Must Read: MATLAB Data Types
K-means clustering is a broadly used approach for analysing data clusters. Once you gain command, it is easier to understand and apply and deliver results quickly.
We hope with this article; we could introduce you to this analysis technique. For any queries regarding the K-means algorithm, feel free to comment below.
Further, if this field of study interests you, have a look at our PG Diploma in Machine Learning and AI program which is specially curated for working professionals offering 30+ case studies & assignments, 25+ mentorship sessions from industry experts, 10 Practical Hands-on Capstone Projects, 450+ hours of learning and placement assistance.
What is K Means clustering in machine learning?

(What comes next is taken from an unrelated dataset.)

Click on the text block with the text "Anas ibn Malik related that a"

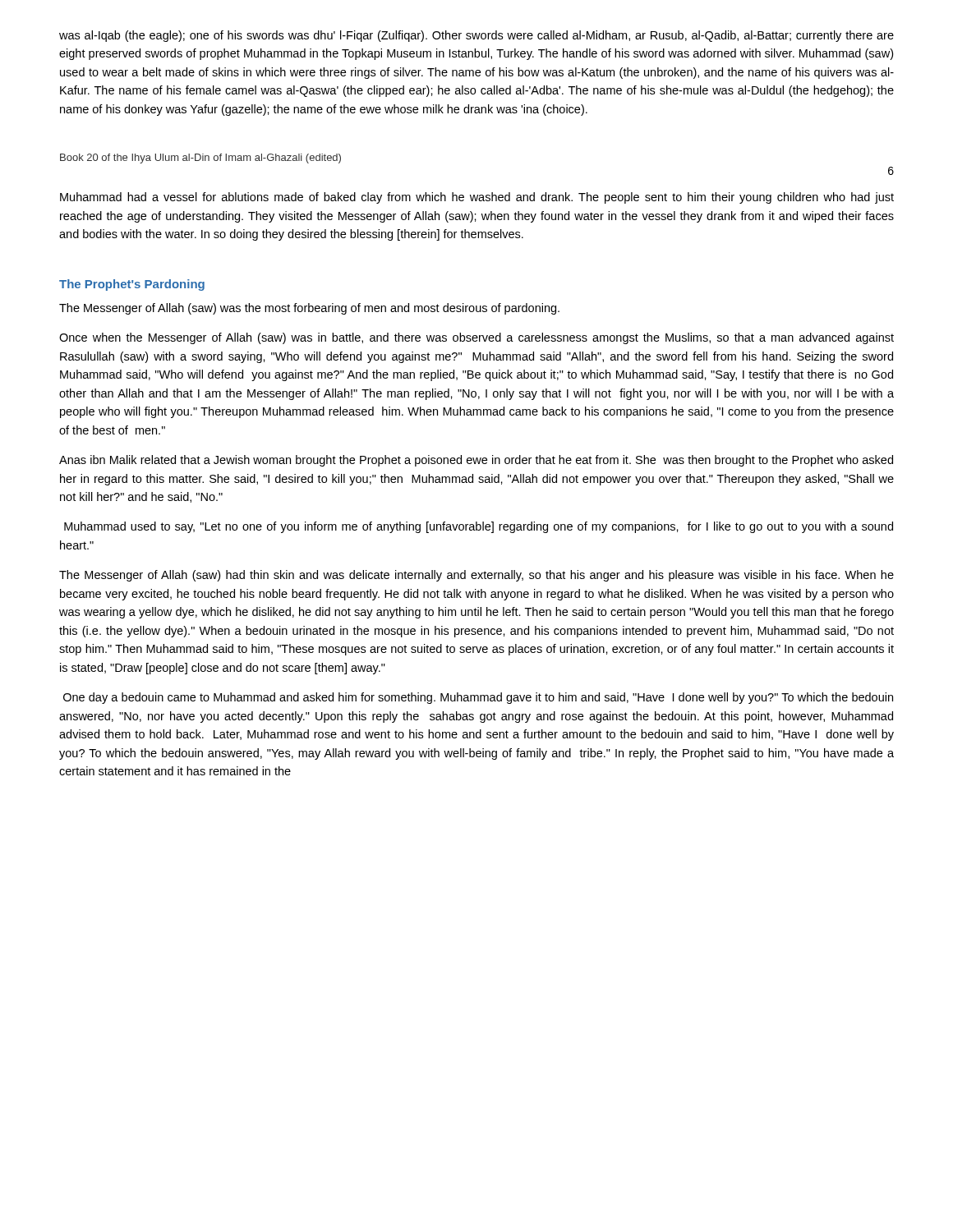(x=476, y=478)

This is a popular clustering algorithm used in unsupervised machine learning. K Means algorithm works on the principle of identification of K centroids randomly. From the next step, the algorithm tries to maximize the overall within cluster distance and also minimize the overall between cluster distance. K Means algorithm is an iterative approach. In each iteration, it selects the K Means from the current set of centroids. The algorithm then assigns each observation to the closest K Mean. The distance between two clusters is computed based on the distance between the two closest observations. The Centroid of a cluster is defined as the average of all the observations in the cluster.

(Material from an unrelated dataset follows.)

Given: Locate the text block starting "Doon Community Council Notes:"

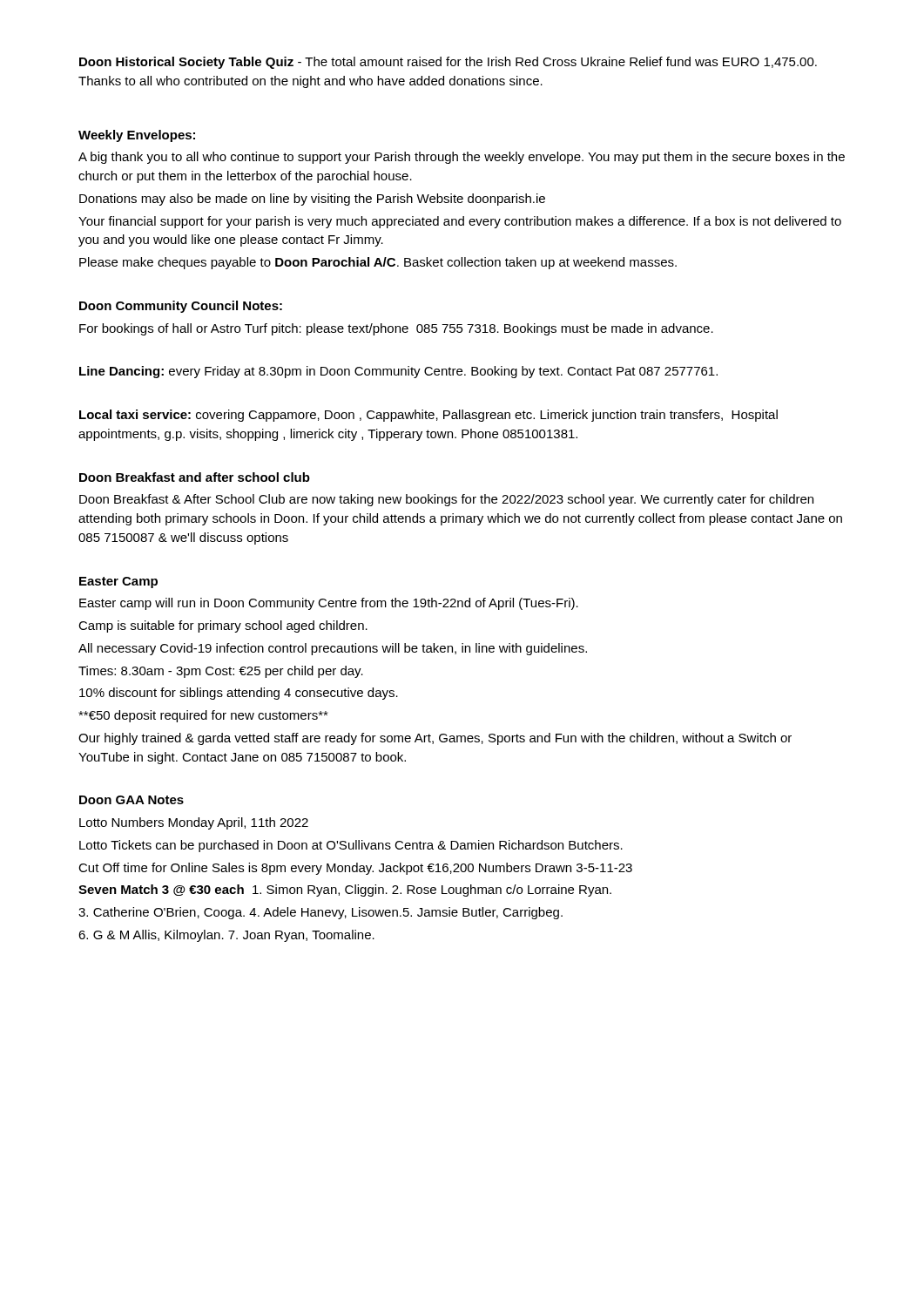Looking at the screenshot, I should (x=181, y=307).
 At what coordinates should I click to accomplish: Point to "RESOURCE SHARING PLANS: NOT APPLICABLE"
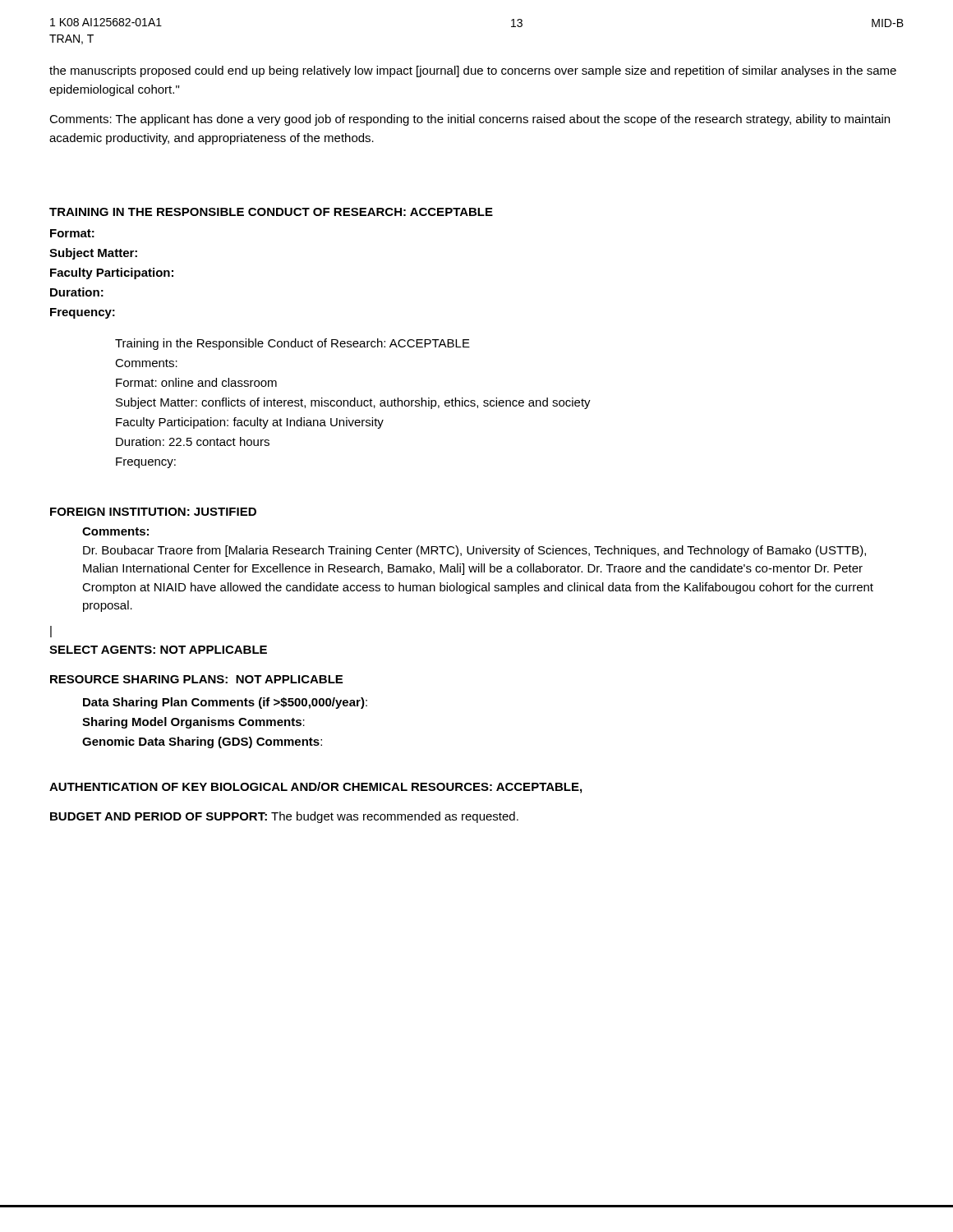point(196,679)

What are the limitations of the K Means clustering algorithm?
There are some limitations of K Means that you will want to keep in mind when using it. K Means is not robust to outliers. The K Means algorithm only works well when all of your data points are approximately the same distance from the centroid. If some of your data points are far away from the centroid, this will bias the assignment of other data points to clusters. K Means does not guarantee a unique solution. If you have more than one cluster of points, there is no guarantee that K Means will return the same number of clusters each time the algorithm is run. K Means converges slowly. The algorithm converges very slowly, even on small datasets.
What are the advantages of K Means clustering?
It is effective for both single and multiple dimensions. It is applicable in both two and three dimensions. It is particularly useful in situations where there are many clusters. The clusters are obtained at the mid-point of the data points. A mean value is calculated for each cluster. Each point is divided by the standard deviation and then it is compared to the mean value. The mean value and the standard deviation are calculated for all clusters and points.